I like Ascension Day. It often comes at a strange time for me and has come and gone before I know it, so I don’t always pay attention to it like I could. I imagine that most of us are already thinking about Pentecost which we celebrate next Sunday. Besides, Thursdays are weird days to think about a feast with it being in the middle of the week!
Part of what I like so much is the neglected aspect of ‘absence’ that is in the text. Perhaps looking forward to Pentecost, we want to stress the coming of the Holy Spirit that soon follows (according to Luke), will be our comforter (according to John), and will be the presence of Christ (according to Matthew). But, in the traditional ascension passage (Acts 1.1-11), the angel clearly tells us that Jesus will come back. For this to happen, he has to leave. If I were to tell April that I will be back and then don’t move, she will say, ‘I thought you were leaving.’
I don’t want to belittle or negate the presence of Christ with us in the Holy Spirit, but neither is Pentecost a sort of ‘end game’. There is more to come. There is more to hope for. Absence brings these thoughts to us. In absence, we realise that something isn’t quite right. When we are apart from those we love, we miss them and recognise that there is a situation that we want to stop. We want the presence of the person we long for. Even with the Holy Spirit’s coming, there is still a longing for Jesus to come back. The angels didn’t repeat the promise of Christ – that they would receive the Holy Spirit – but promised that Jesus would return.
This absence gives us an unsettling feeling with the current situation. It causes us to reach out in the Holy Spirit to delve deeper into the mystery of God. We yearn for a deeper communion with him precisely because he is in some way hidden from us. This is much like we do with those we are separated from – our family has to rely on email, phone calls and videophone/skype calls. It isn’t the same as being face-to-face, but then again we would rarely have presence all the time.
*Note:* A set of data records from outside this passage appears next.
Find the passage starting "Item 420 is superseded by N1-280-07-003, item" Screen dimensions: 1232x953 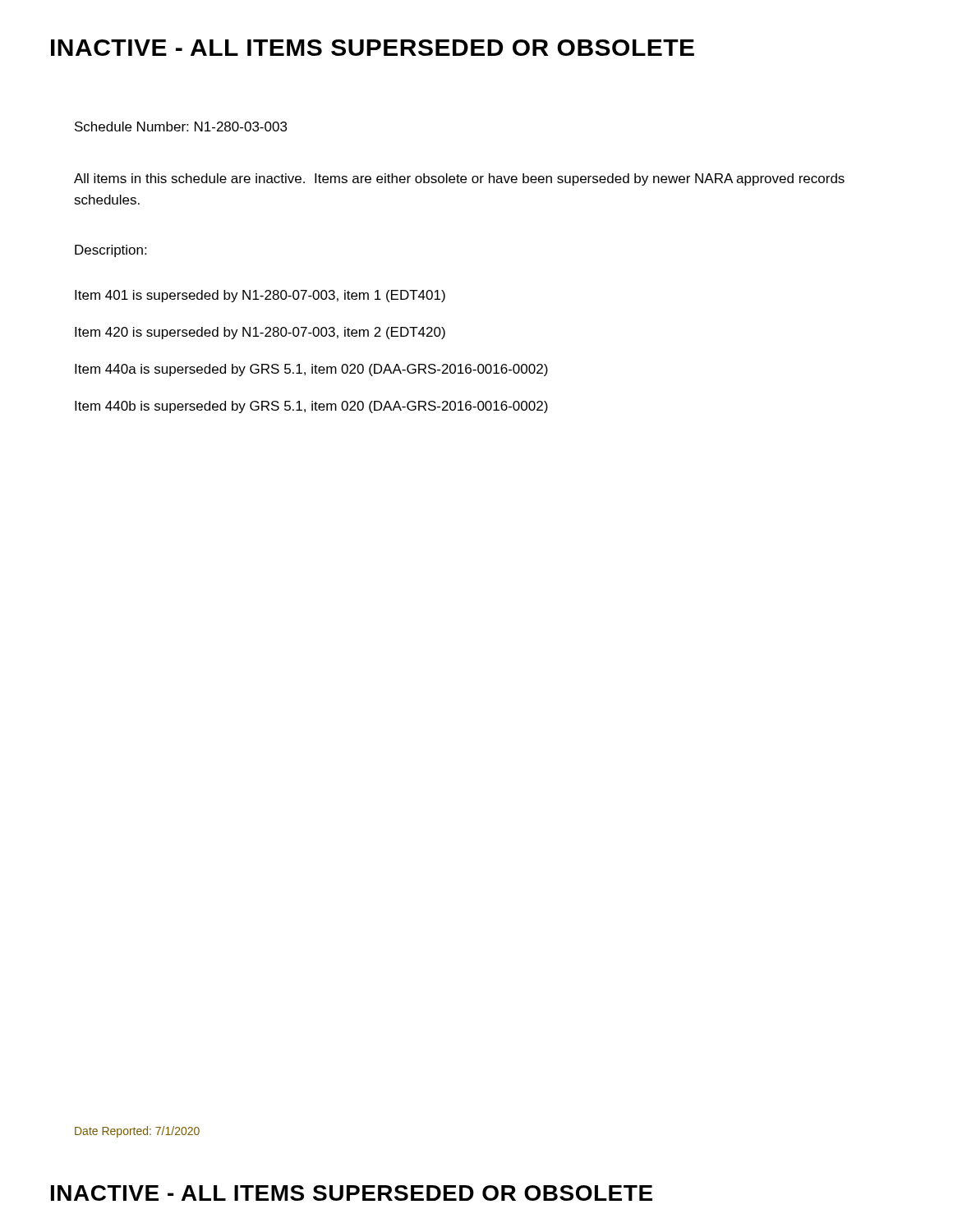point(260,332)
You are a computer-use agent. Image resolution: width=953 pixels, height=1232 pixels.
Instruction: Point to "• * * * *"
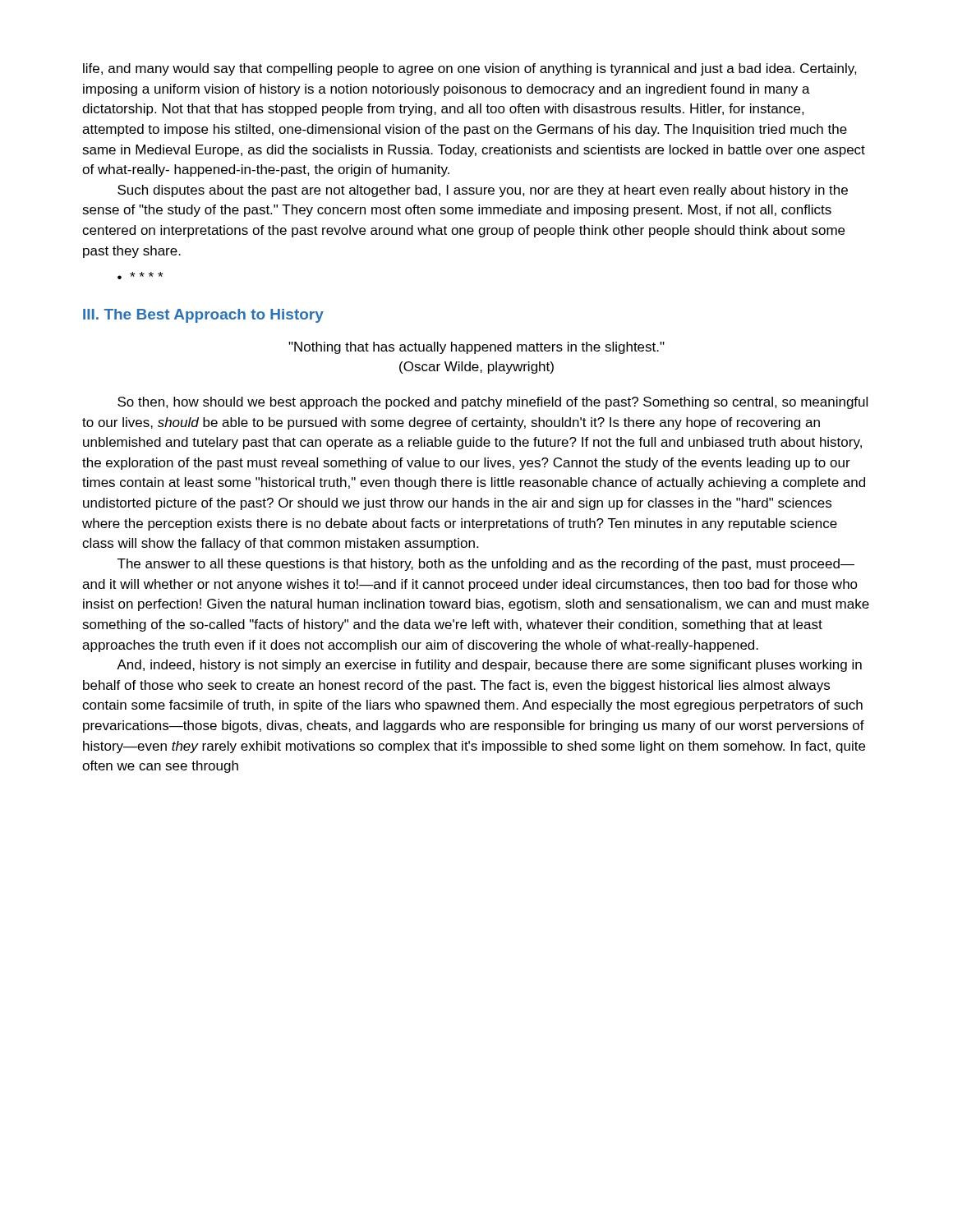tap(140, 278)
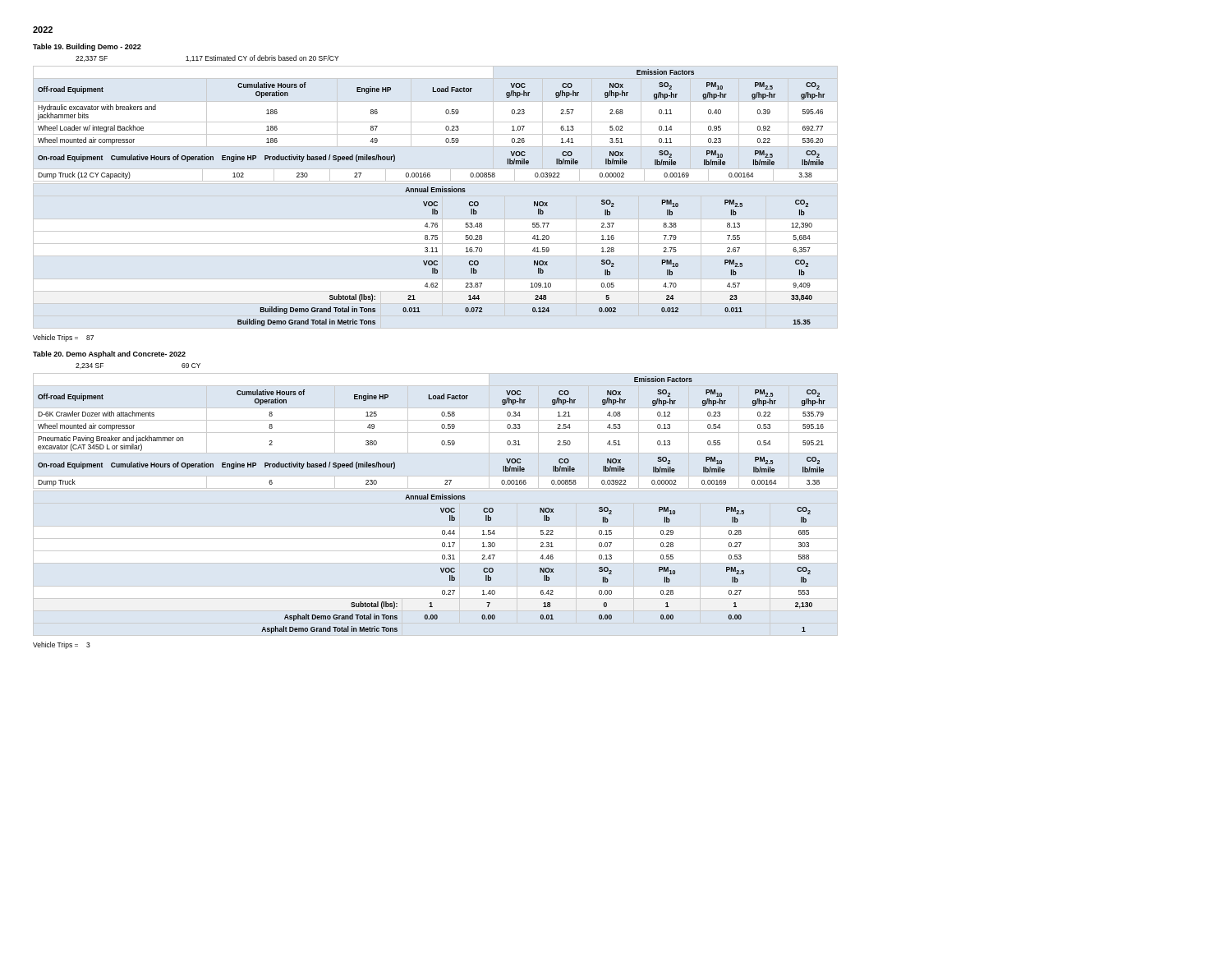Point to the passage starting "Vehicle Trips = 87"
Viewport: 1232px width, 953px height.
tap(63, 337)

The absence makes us try to change the current situation of separation by overcoming it in ways we can.
The feelings of absence with Jesus give us an unsettled feeling of how things are. So, in the Holy Spirit we reach out to Jesus through prayer, Holy Communion, and other Means of Grace. We continue the work of the kingdom, empowered by the Holy Spirit, that will overcome the unsettled feelings that the world is not living as the true king would have it.
I have never been a charismatic type that easily feels the presence of God. I sense a feeling of absence more often. I think this is why I connect so well with Ascension and the season of Advent, where the church can take the opportunity to say, ‘Something isn’t right. There’s something missing.’ For me, it isn’t a sober realisation that causes depression (though it could because feelings of absence aren’t always a great feeling, either!), but a cause for hope that can result in a response that moves me to go deeper.